Measure the approximate length of the wings against the hook, with the front of the slips/wings facing downwards as shown, while holding in place, swap the grip to your right hand, gripping between thumb and fore finger as shown in the next picture. This will hold the slips in place and stops them from moving as you tie them in.

This is the tricky bit. Lift the thread straight up between thumb and wing slip. (I couldn't photograph this, don't have enough hands!) We lift the thread up then take it straight back down the other side between wing slip and fore finger, but don't tighten yet, then back up between thumb and slip again. Now holding the wing slips firmly, pull up on the thread to tighten and pull the slips firmly against the hook in a smooth movement.

The end result should be something like the above, (in the above I have got the slips tied in a little to close to the center of the hook, need more practice.) You can tie the slips in a bit more, but don't come forward past the first wind of thread as that will affect how the slips look, then trim the ends off.

Next step is to grip the slips firmly and lift them up vertically. (actually it's best not to let go of them in the first place) Pull firmly upwards and wrap the thread several times around the base of the wing slips.

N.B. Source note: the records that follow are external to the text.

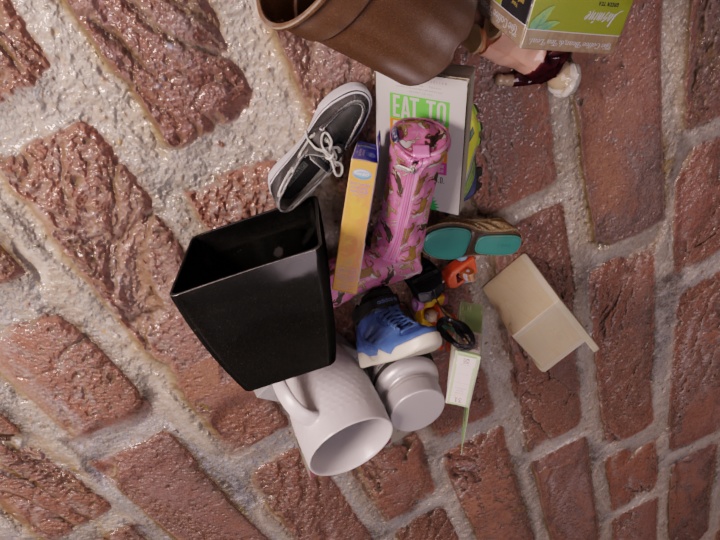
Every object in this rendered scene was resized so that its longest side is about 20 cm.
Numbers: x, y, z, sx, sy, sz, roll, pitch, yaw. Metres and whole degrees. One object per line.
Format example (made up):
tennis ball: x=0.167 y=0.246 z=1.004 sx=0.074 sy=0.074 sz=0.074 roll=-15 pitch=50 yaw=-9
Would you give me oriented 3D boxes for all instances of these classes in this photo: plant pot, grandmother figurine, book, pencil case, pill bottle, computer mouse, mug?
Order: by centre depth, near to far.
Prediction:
plant pot: x=0.018 y=-0.319 z=0.716 sx=0.195 sy=0.202 sz=0.202 roll=18 pitch=120 yaw=-39
pencil case: x=0.064 y=-0.103 z=0.877 sx=0.085 sy=0.083 sz=0.203 roll=-22 pitch=145 yaw=-27
plant pot: x=-0.121 y=0.039 z=0.887 sx=0.193 sy=0.201 sz=0.182 roll=-18 pitch=113 yaw=2
grandmother figurine: x=0.240 y=-0.295 z=0.898 sx=0.196 sy=0.063 sz=0.120 roll=15 pitch=162 yaw=-36
book: x=0.085 y=-0.184 z=0.903 sx=0.129 sy=0.049 sz=0.205 roll=12 pitch=131 yaw=18
pencil case: x=0.000 y=0.000 z=1.023 sx=0.195 sy=0.084 sz=0.087 roll=-23 pitch=151 yaw=-2
mug: x=-0.062 y=0.201 z=1.024 sx=0.148 sy=0.177 sz=0.198 roll=-44 pitch=141 yaw=17
computer mouse: x=0.123 y=0.053 z=1.037 sx=0.057 sy=0.202 sz=0.035 roll=-20 pitch=142 yaw=-11
pill bottle: x=0.066 y=0.159 z=1.096 sx=0.110 sy=0.202 sz=0.116 roll=-10 pitch=131 yaw=-12

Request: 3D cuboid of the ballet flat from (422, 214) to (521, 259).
ballet flat: x=0.169 y=-0.058 z=1.053 sx=0.194 sy=0.066 sz=0.072 roll=3 pitch=126 yaw=-26

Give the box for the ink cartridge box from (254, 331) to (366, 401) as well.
ink cartridge box: x=-0.080 y=0.174 z=1.170 sx=0.160 sy=0.048 sz=0.198 roll=-46 pitch=144 yaw=16

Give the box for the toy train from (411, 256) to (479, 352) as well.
toy train: x=0.167 y=0.066 z=1.140 sx=0.148 sy=0.056 sz=0.204 roll=-30 pitch=135 yaw=-15

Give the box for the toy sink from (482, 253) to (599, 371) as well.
toy sink: x=0.330 y=0.092 z=1.194 sx=0.111 sy=0.132 sz=0.199 roll=-39 pitch=131 yaw=13

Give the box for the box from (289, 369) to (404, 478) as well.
box: x=-0.024 y=0.274 z=1.184 sx=0.194 sy=0.111 sz=0.129 roll=-20 pitch=150 yaw=-12

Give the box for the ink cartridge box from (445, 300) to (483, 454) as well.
ink cartridge box: x=0.167 y=0.178 z=1.084 sx=0.046 sy=0.147 sz=0.206 roll=10 pitch=120 yaw=6

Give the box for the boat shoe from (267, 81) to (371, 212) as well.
boat shoe: x=-0.053 y=-0.163 z=0.883 sx=0.198 sy=0.069 sz=0.073 roll=-42 pitch=130 yaw=14

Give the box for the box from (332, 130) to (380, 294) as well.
box: x=-0.004 y=-0.086 z=0.889 sx=0.040 sy=0.120 sz=0.207 roll=8 pitch=111 yaw=0

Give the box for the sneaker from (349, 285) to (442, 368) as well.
sneaker: x=0.045 y=0.076 z=0.964 sx=0.075 sy=0.115 sz=0.199 roll=-8 pitch=171 yaw=-25

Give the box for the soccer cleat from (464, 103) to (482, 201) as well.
soccer cleat: x=0.131 y=-0.178 z=0.942 sx=0.082 sy=0.065 sz=0.204 roll=-26 pitch=134 yaw=-11

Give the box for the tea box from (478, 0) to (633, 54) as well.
tea box: x=0.216 y=-0.379 z=0.727 sx=0.129 sy=0.203 sz=0.201 roll=-2 pitch=130 yaw=-18
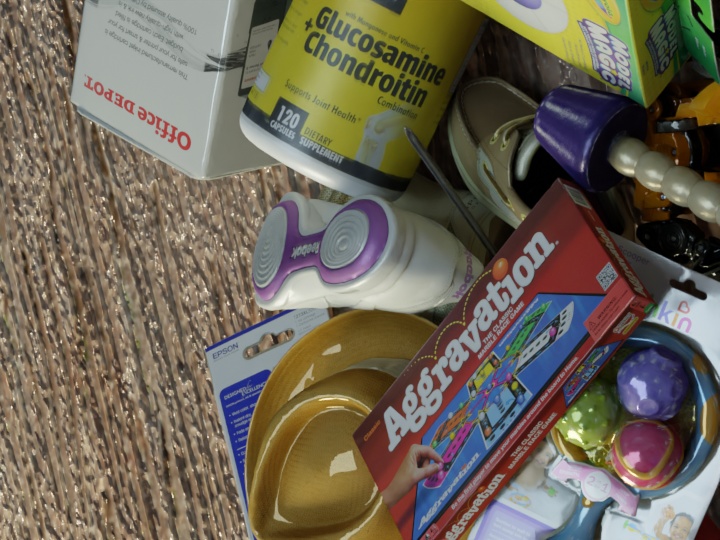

This secures them in an upright position without damaging them. You can then release your grip, the slips may remain stuck together so gently separate them. You can then spread them further as desired using a figure of eight pattern between the two slips

And this is the result. A little glue around the base will give more strength. Note there is plenty of room in front of the slips for the hackle and to tie off. They do take practice, and they don't all turn out perfectly.